El ser humano tiene la costumbre de prejuzgar al prójimo. Bastan un par de miradas y tener el oído atento para formarse una impresión de una persona. En muchos casos su evaluación inicial será injusta o poco acertada, pero sin duda esta primitiva actitud era una herramienta útil cuando la vida de nuestros antepasados homínidos corría peligro.
A día de hoy, y pese a los tiempos que corren, esta faceta nuestra más rudimentaria permanece activa. Mucha gente llega a un lugar y le bastan unos días para juzgar a sus gentes. El otro día me dio por ponerme en el pellejo de los turistas que vienen a nuestro país y traté de imaginarme cómo sería ese diagnóstico que podría extraer acerca de nosotros sus habitantes.
Caballero compartiendo sus observaciones. |
Lo cierto es que la imagen no podría ser peor tratándose de un estado civilizado. A lo largo de una semana he presenciado comportamientos del todo viles. Una furcia que se adelantó de forma irregular en la cola de un Carrefour de la mano de su hijo pequeño ante el pasmo de una decena de clientes, para empezar. Para defenderse de las acusaciones de la concurrencia le bastó con unos berridos simiescos que parecían extraídos de una canción de Lady Gaga (quien, por cierto, es un hombre). Así se educa a un infante, sí señor. Delincuente potencial aprendiendo las malas artes de su propia progenitora.
Las trifulcas se extienden a la calle, donde nuestros visitantes tienen ocasión de contemplar las actitudes más salvajes fruto de la herencia animal y de una vida exenta de cultura. Un ciclista varón y una peatona perteneciente al sexo femenino protagonizaron un espectáculo tan bochornoso como ensordecedor. No presencié el momento del 'casi accidente', pero sí la disputa posterior. "¡Mira por dónde vas, atontááááááá!", chilló el jinete a lomos de su máquina infernal mientras se alejaba. "¡Ojalá te estrelles, gilipollas!", repuso el especimen pedestre. Y así permanecieron, intercambiando improperios a voz en cuello mientras se iban separaban el uno del otro.

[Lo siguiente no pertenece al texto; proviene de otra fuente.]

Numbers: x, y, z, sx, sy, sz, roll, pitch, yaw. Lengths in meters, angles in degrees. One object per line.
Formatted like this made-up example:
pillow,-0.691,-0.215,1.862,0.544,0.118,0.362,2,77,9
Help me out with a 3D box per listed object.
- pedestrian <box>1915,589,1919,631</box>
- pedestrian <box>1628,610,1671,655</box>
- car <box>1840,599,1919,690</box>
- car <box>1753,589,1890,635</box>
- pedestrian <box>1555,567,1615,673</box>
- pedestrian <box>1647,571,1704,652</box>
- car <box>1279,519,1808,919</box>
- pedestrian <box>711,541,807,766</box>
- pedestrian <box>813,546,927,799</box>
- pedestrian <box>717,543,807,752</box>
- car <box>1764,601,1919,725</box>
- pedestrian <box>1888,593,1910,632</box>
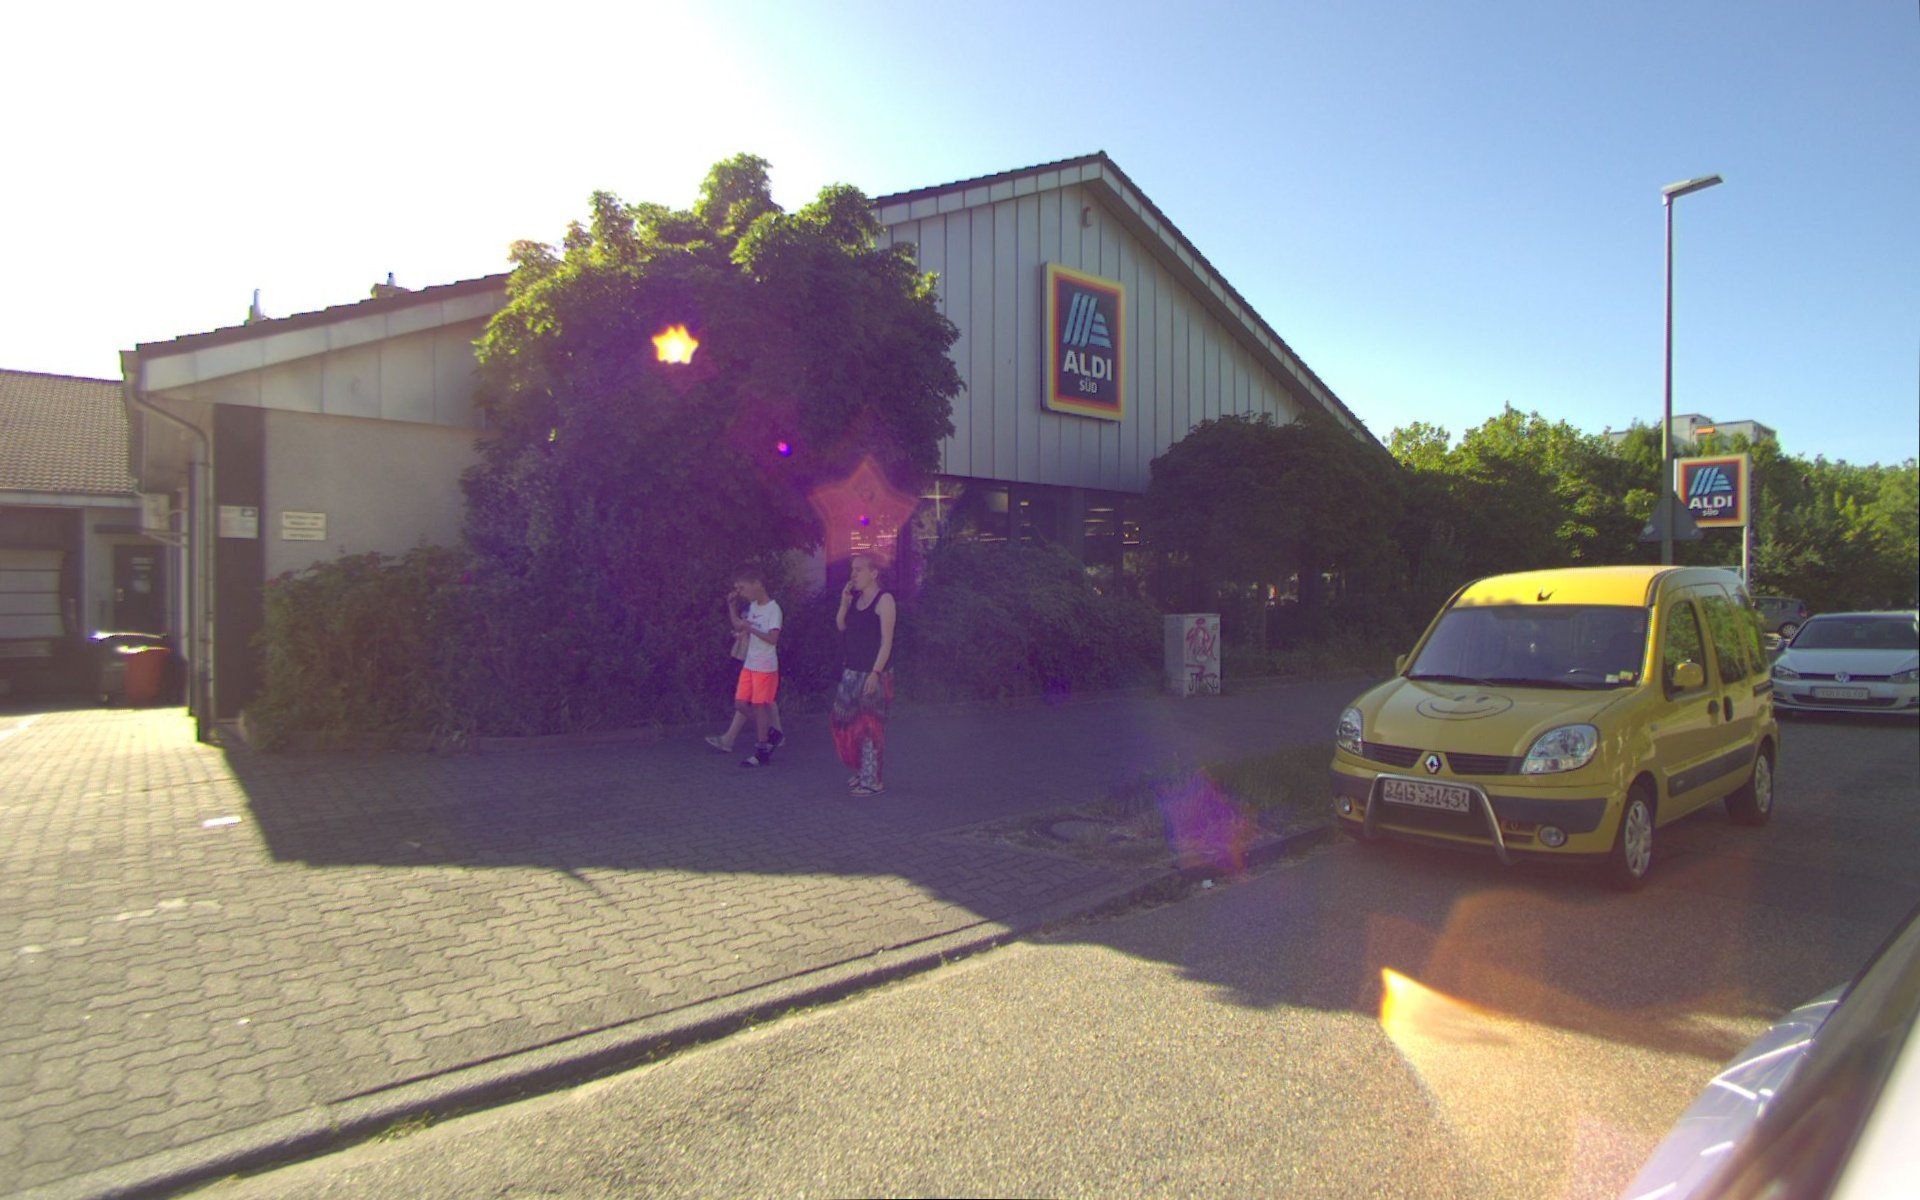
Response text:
pedestrian,40.520,0.419,42.268,0.967,1.737,0.805,-2,3,-43
pedestrian,15.594,0.727,22.876,0.794,0.993,0.534,0,0,-32
car,17.127,0.729,17.818,4.285,1.462,1.811,0,0,-40
car,32.894,0.421,38.782,3.728,1.665,1.835,1,1,33
pedestrian,11.455,0.347,18.544,0.793,1.885,0.861,0,0,43
pedestrian,16.390,0.255,23.188,0.793,1.804,0.802,1,0,-32
car,3.969,0.530,6.630,3.928,1.860,1.728,0,1,-39
pedestrian,-1.560,0.391,7.846,0.536,1.657,0.569,1,0,-34
pedestrian,-0.630,0.466,7.015,0.536,1.657,0.569,1,2,-34
pedestrian,-1.652,0.374,8.426,0.536,1.657,0.569,1,0,-34
car,12.789,0.770,14.110,3.931,1.470,1.829,-1,1,-41
pedestrian,39.841,0.517,42.926,0.779,1.629,0.573,-2,3,-43

Uno podría pensar que hace falta la provocación de otro ente para provocar un conflicto, pero en verdad hay gente capaz de encender los hornos de su ira por iniciativa propia. Así sucedió en la plaza más concurrida de mi ciudad, transitada por incontables grupos de turistas. El sujeto solicitó algo en un quiosco, lo recogió tranquilamente y se alejó del habitáculo a paso relajado. Hasta aquí todo bien, pero de pronto se detuvo en seco, alzó la mirada al cielo, extendió los brazos hacia los lados y bramó con una voz de orco emasculado: "¡Estoy hasta los huevoooooooos!". Acto seguido recuperó su posición normal y siguió caminando como si nada anormal hubiese acaecido. Que alguien me explique cómo interpreta un extranjero tales bellaquerías.
Horas más tarde y en ese mismo escenario, recibí la afrenta más desconcertante de mi vida. La zona estaba colapsada por un grupo de personas con Síndrome de Down que presumiblemente realizaban una excursión, y yo traté de abrirme paso entre ellos para seguir mi camino. El monitor, la persona al cargo de esta expedición, empezó a hacer el recuento de sus muchachos contando en voz alta con el clásico gesto de la mano como si disparase una pistola. ¿Os podéis creer, oh hermanos, que me contó como uno de los suyos, como alguien con Síndrome de Down? No os riáis, cabrones. Aún hoy sigo sorprendido por esta confusión. ¿O acaso fue algo deliberado?
En fin, creo que ya he expuesto con estos ejemplos lo que quería transmitir hoy. Escribo esto, además, mientras escucho cómo un niño grita en la calle y desaforadamente su nombre: "¡Fill de putaaaaaaaa!". Tremendo. Cualquier día nos enjaulan para que los habitantes de otros países nos observen en nuestra bestialidad.